* [ACTIVITY] Go through the data and copy each line where the word "Answer" shows up.

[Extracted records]
★ ★ ★ ★ ★ ★ ★
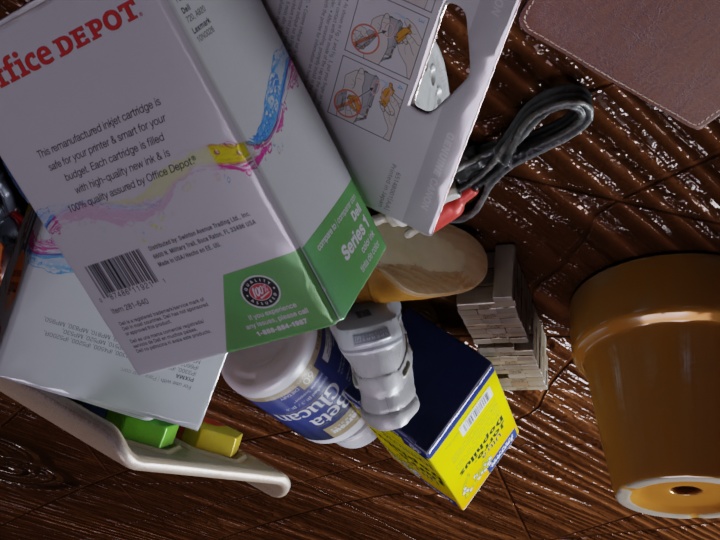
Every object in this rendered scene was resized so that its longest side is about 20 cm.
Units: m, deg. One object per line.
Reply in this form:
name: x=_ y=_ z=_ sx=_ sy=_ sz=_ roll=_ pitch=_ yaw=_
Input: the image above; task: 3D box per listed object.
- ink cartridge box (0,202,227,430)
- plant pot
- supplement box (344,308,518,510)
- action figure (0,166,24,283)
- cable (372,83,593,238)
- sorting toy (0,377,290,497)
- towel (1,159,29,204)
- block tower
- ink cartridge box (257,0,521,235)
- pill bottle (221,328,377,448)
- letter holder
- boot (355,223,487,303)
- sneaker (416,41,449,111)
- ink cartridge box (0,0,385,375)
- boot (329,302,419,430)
ink cartridge box: x=-0.151 y=-0.022 z=0.685 sx=0.143 sy=0.202 sz=0.145 roll=18 pitch=-172 yaw=-23
plant pot: x=0.288 y=0.114 z=0.902 sx=0.197 sy=0.186 sz=0.201 roll=5 pitch=151 yaw=3
supplement box: x=0.079 y=0.147 z=1.037 sx=0.108 sy=0.110 sz=0.200 roll=32 pitch=166 yaw=29
action figure: x=-0.348 y=-0.015 z=0.873 sx=0.191 sy=0.105 sz=0.201 roll=19 pitch=148 yaw=13
cable: x=0.094 y=-0.069 z=0.748 sx=0.198 sy=0.051 sz=0.097 roll=-17 pitch=145 yaw=38
sorting toy: x=-0.165 y=0.106 z=0.736 sx=0.184 sy=0.037 sz=0.200 roll=19 pitch=172 yaw=34
towel: x=-0.218 y=-0.062 z=0.831 sx=0.110 sy=0.049 sz=0.201 roll=5 pitch=151 yaw=4
block tower: x=0.136 y=0.050 z=0.954 sx=0.057 sy=0.055 sz=0.201 roll=-4 pitch=149 yaw=17
ink cartridge box: x=-0.008 y=-0.139 z=0.523 sx=0.174 sy=0.045 sz=0.202 roll=24 pitch=127 yaw=6
pill bottle: x=-0.048 y=0.112 z=1.044 sx=0.110 sy=0.112 sz=0.200 roll=-10 pitch=148 yaw=27
letter holder: x=0.180 y=-0.181 z=0.480 sx=0.141 sy=0.102 sz=0.200 roll=21 pitch=148 yaw=-21
boot: x=0.000 y=0.001 z=0.897 sx=0.198 sy=0.072 sz=0.144 roll=3 pitch=166 yaw=-12
sneaker: x=-0.029 y=-0.125 z=0.657 sx=0.144 sy=0.082 sz=0.200 roll=4 pitch=156 yaw=21
ink cartridge box: x=-0.098 y=-0.060 z=0.532 sx=0.143 sy=0.084 sz=0.202 roll=-16 pitch=113 yaw=30
boot: x=0.011 y=0.080 z=0.898 sx=0.072 sy=0.097 sz=0.200 roll=-12 pitch=-173 yaw=3
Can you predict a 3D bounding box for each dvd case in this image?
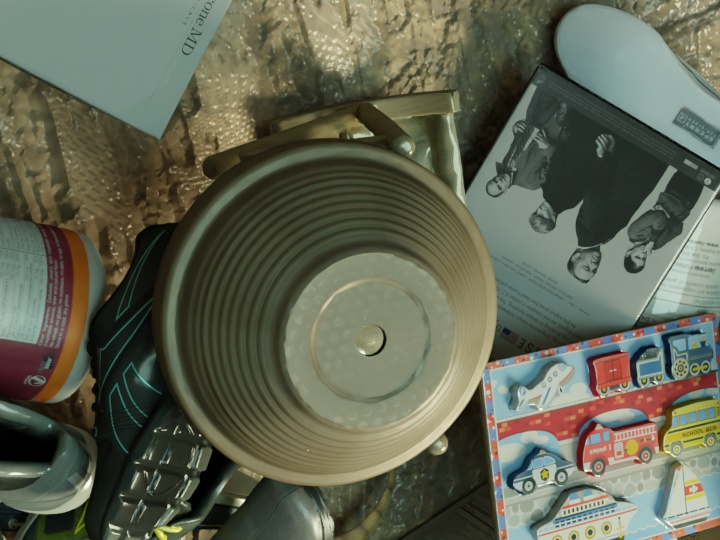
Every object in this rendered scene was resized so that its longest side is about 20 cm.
[{"bbox_3d":[0.137,-0.020,1.316,0.150,0.025,0.200,32,102,6],"label":"dvd case"}]

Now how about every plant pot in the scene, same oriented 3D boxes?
[{"bbox_3d":[-0.008,0.029,1.055,0.201,0.093,0.201,-3,100,-19],"label":"plant pot"}]

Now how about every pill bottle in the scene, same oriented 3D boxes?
[{"bbox_3d":[-0.262,0.013,1.128,0.200,0.110,0.110,11,100,-30],"label":"pill bottle"},{"bbox_3d":[0.202,0.032,1.381,0.114,0.114,0.200,8,102,-30],"label":"pill bottle"}]

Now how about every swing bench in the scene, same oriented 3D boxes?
[{"bbox_3d":[0.000,0.000,1.223,0.130,0.200,0.199,-5,102,13],"label":"swing bench"}]

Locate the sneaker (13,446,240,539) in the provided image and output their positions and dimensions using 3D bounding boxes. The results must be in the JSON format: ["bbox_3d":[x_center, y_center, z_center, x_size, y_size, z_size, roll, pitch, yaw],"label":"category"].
[{"bbox_3d":[-0.145,0.149,1.174,0.074,0.085,0.200,43,78,-15],"label":"sneaker"}]

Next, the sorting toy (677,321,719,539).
[{"bbox_3d":[0.313,0.111,1.362,0.070,0.200,0.199,11,73,-33],"label":"sorting toy"}]

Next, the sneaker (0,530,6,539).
[{"bbox_3d":[-0.295,0.204,1.140,0.200,0.072,0.083,-17,152,0],"label":"sneaker"}]

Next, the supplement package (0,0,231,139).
[{"bbox_3d":[-0.189,-0.180,1.100,0.200,0.120,0.121,27,91,-32],"label":"supplement package"}]

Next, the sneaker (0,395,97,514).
[{"bbox_3d":[-0.258,0.097,1.119,0.200,0.115,0.075,1,72,1],"label":"sneaker"}]

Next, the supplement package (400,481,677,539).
[{"bbox_3d":[0.125,0.257,1.389,0.200,0.151,0.152,-32,117,-17],"label":"supplement package"}]

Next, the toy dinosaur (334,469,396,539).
[{"bbox_3d":[-0.032,0.213,1.345,0.200,0.060,0.106,-25,114,-20],"label":"toy dinosaur"}]

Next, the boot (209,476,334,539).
[{"bbox_3d":[-0.102,0.208,1.205,0.132,0.070,0.200,-17,147,-40],"label":"boot"}]

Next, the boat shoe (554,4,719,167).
[{"bbox_3d":[0.216,-0.119,1.371,0.200,0.065,0.074,40,93,-11],"label":"boat shoe"}]

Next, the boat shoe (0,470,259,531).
[{"bbox_3d":[-0.152,0.155,1.253,0.200,0.075,0.062,9,99,-29],"label":"boat shoe"}]

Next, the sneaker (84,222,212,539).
[{"bbox_3d":[-0.123,0.066,1.124,0.075,0.079,0.200,24,86,-62],"label":"sneaker"}]

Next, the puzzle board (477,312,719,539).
[{"bbox_3d":[0.172,0.119,1.290,0.200,0.017,0.151,-10,97,-29],"label":"puzzle board"}]
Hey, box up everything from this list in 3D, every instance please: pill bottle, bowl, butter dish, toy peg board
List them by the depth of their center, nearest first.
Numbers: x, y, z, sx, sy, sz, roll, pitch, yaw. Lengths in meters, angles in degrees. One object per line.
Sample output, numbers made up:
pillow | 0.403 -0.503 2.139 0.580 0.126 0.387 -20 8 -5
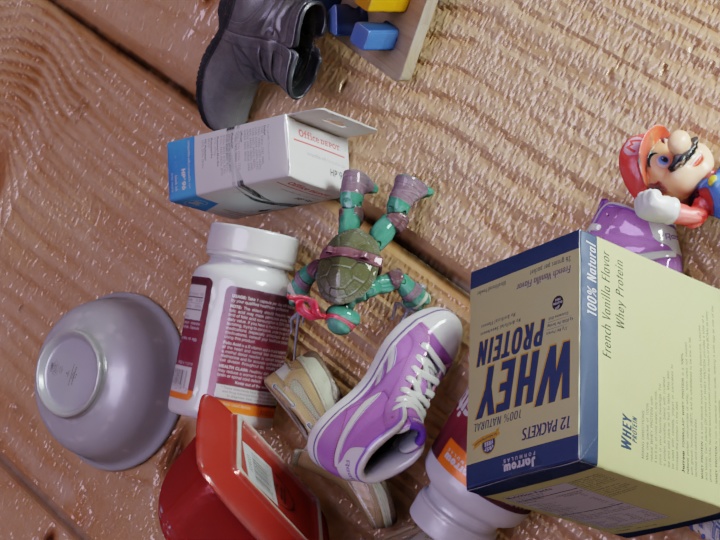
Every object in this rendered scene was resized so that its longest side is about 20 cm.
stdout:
pill bottle | 0.132 0.164 1.621 0.113 0.113 0.201 37 102 32
butter dish | -0.131 0.252 1.682 0.147 0.200 0.200 -38 107 9
toy peg board | -0.015 -0.327 1.777 0.200 0.097 0.201 40 121 35
pill bottle | -0.128 0.058 1.813 0.113 0.114 0.202 9 87 34
bowl | -0.296 0.118 1.928 0.199 0.090 0.204 -7 78 32

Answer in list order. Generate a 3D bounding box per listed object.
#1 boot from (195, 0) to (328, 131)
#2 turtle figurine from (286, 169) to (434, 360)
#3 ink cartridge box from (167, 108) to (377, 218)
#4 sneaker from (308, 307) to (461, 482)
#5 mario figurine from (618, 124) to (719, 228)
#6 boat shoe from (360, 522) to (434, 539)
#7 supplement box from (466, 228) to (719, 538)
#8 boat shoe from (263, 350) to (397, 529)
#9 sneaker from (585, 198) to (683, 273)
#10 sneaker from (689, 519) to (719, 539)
boot | -0.104 -0.210 1.833 0.131 0.069 0.202 38 131 35
turtle figurine | 0.000 0.000 1.740 0.148 0.101 0.202 14 73 11
ink cartridge box | -0.090 -0.110 1.815 0.198 0.116 0.069 -10 77 33
sneaker | 0.050 0.124 1.655 0.201 0.073 0.114 -51 29 -16
mario figurine | 0.319 -0.084 1.541 0.199 0.123 0.107 21 106 30
boat shoe | 0.012 0.302 1.713 0.199 0.071 0.065 -26 33 36
supplement box | 0.206 0.102 1.473 0.134 0.198 0.202 -23 56 46
boat shoe | -0.034 0.180 1.739 0.076 0.072 0.201 -25 62 -13
sneaker | 0.206 -0.006 1.634 0.198 0.073 0.116 -5 75 22
sneaker | 0.317 0.210 1.524 0.088 0.075 0.202 -38 54 31
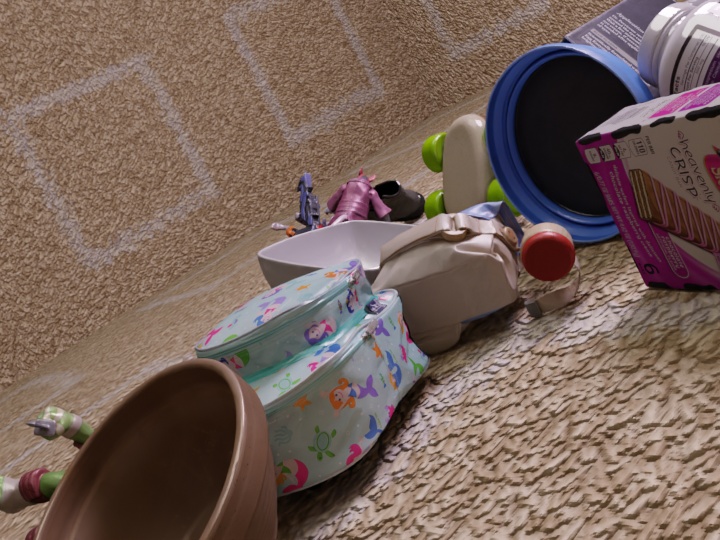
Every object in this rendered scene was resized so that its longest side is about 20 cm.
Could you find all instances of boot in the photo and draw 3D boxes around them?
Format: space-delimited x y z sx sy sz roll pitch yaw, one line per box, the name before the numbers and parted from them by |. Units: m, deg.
boot | 0.011 -0.112 1.467 0.198 0.069 0.130 -22 -21 28

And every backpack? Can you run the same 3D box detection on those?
backpack | -0.050 0.092 0.667 0.176 0.152 0.200 -22 18 28

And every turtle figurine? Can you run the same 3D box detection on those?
turtle figurine | -0.289 0.210 0.737 0.193 0.145 0.200 -28 6 25

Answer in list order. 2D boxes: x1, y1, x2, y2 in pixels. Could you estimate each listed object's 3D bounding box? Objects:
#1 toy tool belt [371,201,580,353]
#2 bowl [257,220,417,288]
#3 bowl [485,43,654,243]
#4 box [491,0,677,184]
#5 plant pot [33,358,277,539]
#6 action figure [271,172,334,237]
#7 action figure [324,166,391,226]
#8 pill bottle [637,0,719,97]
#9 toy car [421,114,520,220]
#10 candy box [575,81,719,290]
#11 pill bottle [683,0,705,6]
toy tool belt | 0.111 -0.013 0.771 0.198 0.126 0.123 -23 20 26
bowl | 0.000 0.000 0.962 0.198 0.076 0.199 8 19 39
bowl | 0.214 -0.129 0.812 0.039 0.203 0.200 -28 8 -35
box | 0.277 -0.184 0.910 0.199 0.117 0.198 -35 -19 -36
plant pot | -0.119 0.167 0.530 0.199 0.093 0.202 -30 37 25
action figure | -0.085 -0.071 1.493 0.104 0.203 0.192 6 -11 -41
action figure | -0.022 -0.093 1.326 0.132 0.149 0.202 6 65 18
pill bottle | 0.336 -0.162 0.681 0.112 0.113 0.200 -31 42 -13
toy car | 0.213 -0.135 1.141 0.198 0.160 0.163 -2 -2 -34
candy box | 0.253 -0.056 0.554 0.061 0.137 0.200 -33 11 -17
pill bottle | 0.534 -0.371 1.308 0.199 0.117 0.115 -35 12 -28
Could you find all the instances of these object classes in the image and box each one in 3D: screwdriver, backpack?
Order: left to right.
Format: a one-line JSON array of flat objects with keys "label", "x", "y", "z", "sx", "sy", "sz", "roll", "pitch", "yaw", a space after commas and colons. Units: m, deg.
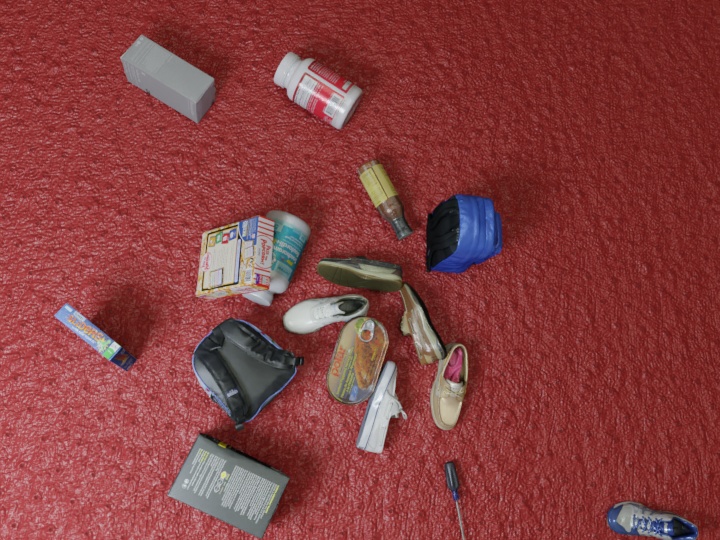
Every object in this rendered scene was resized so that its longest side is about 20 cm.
[{"label": "backpack", "x": -0.253, "y": 0.201, "z": 1.350, "sx": 0.191, "sy": 0.154, "sz": 0.200, "roll": 48, "pitch": 66, "yaw": -5}, {"label": "screwdriver", "x": 0.214, "y": 0.525, "z": 1.424, "sx": 0.028, "sy": 0.029, "sz": 0.200, "roll": -7, "pitch": 81, "yaw": -13}, {"label": "backpack", "x": 0.247, "y": -0.093, "z": 1.497, "sx": 0.168, "sy": 0.200, "sz": 0.163, "roll": -1, "pitch": 75, "yaw": -11}]

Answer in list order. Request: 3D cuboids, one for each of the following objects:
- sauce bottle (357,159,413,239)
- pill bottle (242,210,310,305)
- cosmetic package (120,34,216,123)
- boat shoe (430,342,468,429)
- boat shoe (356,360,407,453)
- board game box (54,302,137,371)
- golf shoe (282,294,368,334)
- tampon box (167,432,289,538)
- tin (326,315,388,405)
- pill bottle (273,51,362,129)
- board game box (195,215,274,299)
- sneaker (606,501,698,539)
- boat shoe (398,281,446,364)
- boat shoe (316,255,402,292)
[{"label": "sauce bottle", "x": 0.062, "y": -0.169, "z": 1.552, "sx": 0.066, "sy": 0.066, "sz": 0.200, "roll": -24, "pitch": 82, "yaw": -16}, {"label": "pill bottle", "x": -0.195, "y": -0.025, "z": 1.440, "sx": 0.111, "sy": 0.111, "sz": 0.200, "roll": 22, "pitch": 73, "yaw": -5}, {"label": "cosmetic package", "x": -0.444, "y": -0.445, "z": 1.504, "sx": 0.200, "sy": 0.107, "sz": 0.090, "roll": 33, "pitch": 72, "yaw": 1}, {"label": "boat shoe", "x": 0.206, "y": 0.260, "z": 1.465, "sx": 0.074, "sy": 0.069, "sz": 0.200, "roll": 9, "pitch": 74, "yaw": -9}, {"label": "boat shoe", "x": 0.062, "y": 0.306, "z": 1.423, "sx": 0.086, "sy": 0.075, "sz": 0.202, "roll": 20, "pitch": 75, "yaw": -5}, {"label": "board game box", "x": -0.524, "y": 0.138, "z": 1.287, "sx": 0.135, "sy": 0.200, "sz": 0.034, "roll": 39, "pitch": 72, "yaw": 0}, {"label": "golf shoe", "x": -0.076, "y": 0.088, "z": 1.442, "sx": 0.200, "sy": 0.097, "sz": 0.078, "roll": -14, "pitch": 80, "yaw": -13}, {"label": "tampon box", "x": -0.260, "y": 0.426, "z": 1.289, "sx": 0.200, "sy": 0.150, "sz": 0.126, "roll": 27, "pitch": 73, "yaw": -3}, {"label": "tin", "x": -0.009, "y": 0.198, "z": 1.429, "sx": 0.112, "sy": 0.042, "sz": 0.200, "roll": 18, "pitch": 90, "yaw": -14}, {"label": "pill bottle", "x": -0.105, "y": -0.441, "z": 1.565, "sx": 0.200, "sy": 0.112, "sz": 0.112, "roll": 32, "pitch": 72, "yaw": -1}, {"label": "board game box", "x": -0.273, "y": -0.024, "z": 1.387, "sx": 0.046, "sy": 0.200, "sz": 0.152, "roll": 18, "pitch": 69, "yaw": -46}, {"label": "sneaker", "x": 0.666, "y": 0.572, "z": 1.464, "sx": 0.200, "sy": 0.088, "sz": 0.075, "roll": 7, "pitch": 76, "yaw": -8}, {"label": "boat shoe", "x": 0.126, "y": 0.124, "z": 1.483, "sx": 0.074, "sy": 0.076, "sz": 0.200, "roll": -29, "pitch": 69, "yaw": 11}, {"label": "boat shoe", "x": 0.001, "y": 0.000, "z": 1.497, "sx": 0.201, "sy": 0.072, "sz": 0.066, "roll": 11, "pitch": 53, "yaw": 2}]
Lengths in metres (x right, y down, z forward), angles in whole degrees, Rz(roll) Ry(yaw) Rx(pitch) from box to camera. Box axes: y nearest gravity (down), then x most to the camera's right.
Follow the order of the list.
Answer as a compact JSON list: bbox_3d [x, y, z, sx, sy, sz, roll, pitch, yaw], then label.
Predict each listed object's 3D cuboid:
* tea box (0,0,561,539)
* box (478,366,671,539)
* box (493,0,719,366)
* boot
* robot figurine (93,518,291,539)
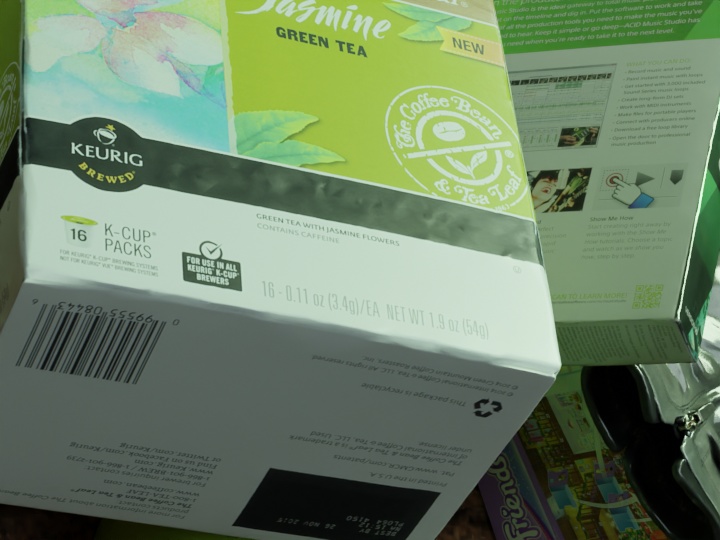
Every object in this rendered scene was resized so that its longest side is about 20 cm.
[{"bbox_3d":[-0.052,-0.016,0.845,0.199,0.134,0.197,10,47,-22],"label":"tea box"},{"bbox_3d":[0.110,0.063,1.101,0.039,0.136,0.201,-23,97,-50],"label":"box"},{"bbox_3d":[0.093,-0.047,0.994,0.036,0.144,0.201,58,39,-46],"label":"box"},{"bbox_3d":[0.178,0.086,1.025,0.200,0.070,0.132,49,48,-12],"label":"boot"},{"bbox_3d":[-0.029,0.143,0.922,0.200,0.115,0.176,42,51,-34],"label":"robot figurine"}]
★ ★ ★ ★ ★ ★ ★
* [RESULT]
Answer in list order. Generate a 3D bounding box per listed object.
Answer in list order. 2D boxes: x1, y1, x2, y2 in pixels. Could you estimate each listed object's 3D bounding box? Objects:
Answer in list order. Request: 3D cuboids, one for each of the following objects:
Answer as a compact JSON list: bbox_3d [x, y, z, sx, sy, sz, roll, pitch, yaw], then label.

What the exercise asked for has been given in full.